To verify optimal performance when using distributed training, NCCL tests can also be run to measure the bandwidth between nodes and GPUs on the cluster. Here we use a set of scripts that allow us to verify distributed all-reduce performance on the cluster using scripts from the azurehpc collection of scripts. Specifically, we can test NCCL tests without Slurm, using Slurm, and using Slurm with containers.
Connect to the scheduler node via SSH. You can get the IP address of the scheduler node from the CycleCloud web app by clicking on “scheduler” node which brings up a new lower pane, then clicking on “Connect” (see figure below), or it will be 10.50.0.5 if the same IPs are used as provided in the .envrc-template.
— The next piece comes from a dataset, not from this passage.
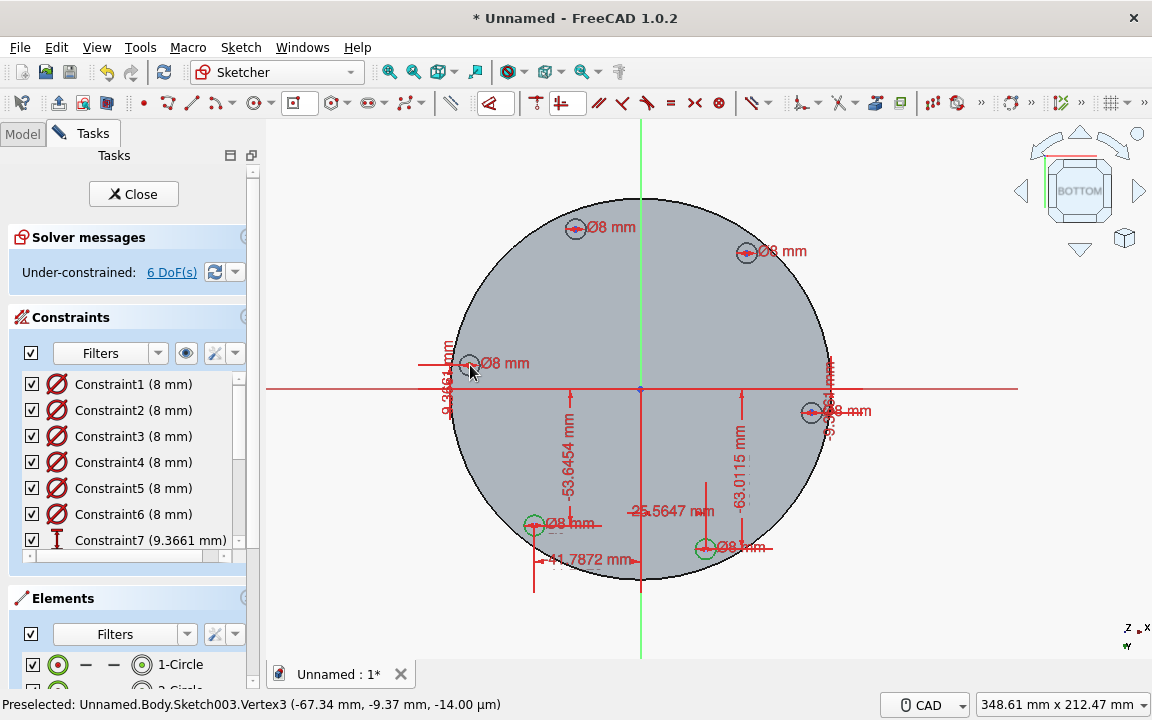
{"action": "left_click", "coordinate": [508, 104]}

CycleCloud webapp cluster administration panes.
$ ssh -i cyclecloud@
Then connect to a compute node because one of the steps requires a GPU to be available.
$ slogin slurm-hpc-pg0-1
Clone the Git repo and cd to the directory nccl-tests:
$ git clone https://github.com/yosoyjay/cyclecloud-llm.git
$ cd cyclecloud-llm/nccl-tests
A convenience script make-hostfile.py is provided to create a hostfile from output of sinfo which lists the nodes to be used in in the test not launched with Slurm.
$ python make-hostfile.py
Next, run the all reduce test without Slurm. The output logs printed to stdout should show all reduce bandwidth greater than 185 GB/s for two or more nodes for the largest message sizes. E.g.
...
2147483648 536870912 float sum 21495 99.91 187.33 5e-07 21563 99.59 186.74 5e-07
4294967296 1073741824 float sum 42741 100.49 188.42 5e-07 42679 100.63 188.69 5e-07
8589934592 2147483648 float sum 84929 101.14 189.64 5e-07 85013 101.04 189.45 5e-07
...
To test on two nodes (16 GPUs):
$ all-reduce.sh 16 hostfiles.txt
Next run NCCL tests with Slurm on NP processors:
$ sbatch -N $NP all-reduce.sh
And, finally, run NCCL tests with Slurm and containers on NP processors:
$ sbatch -N $NP all-reduce-containers.sh
Benchmarking / training a Large Language Model (OPT-175B)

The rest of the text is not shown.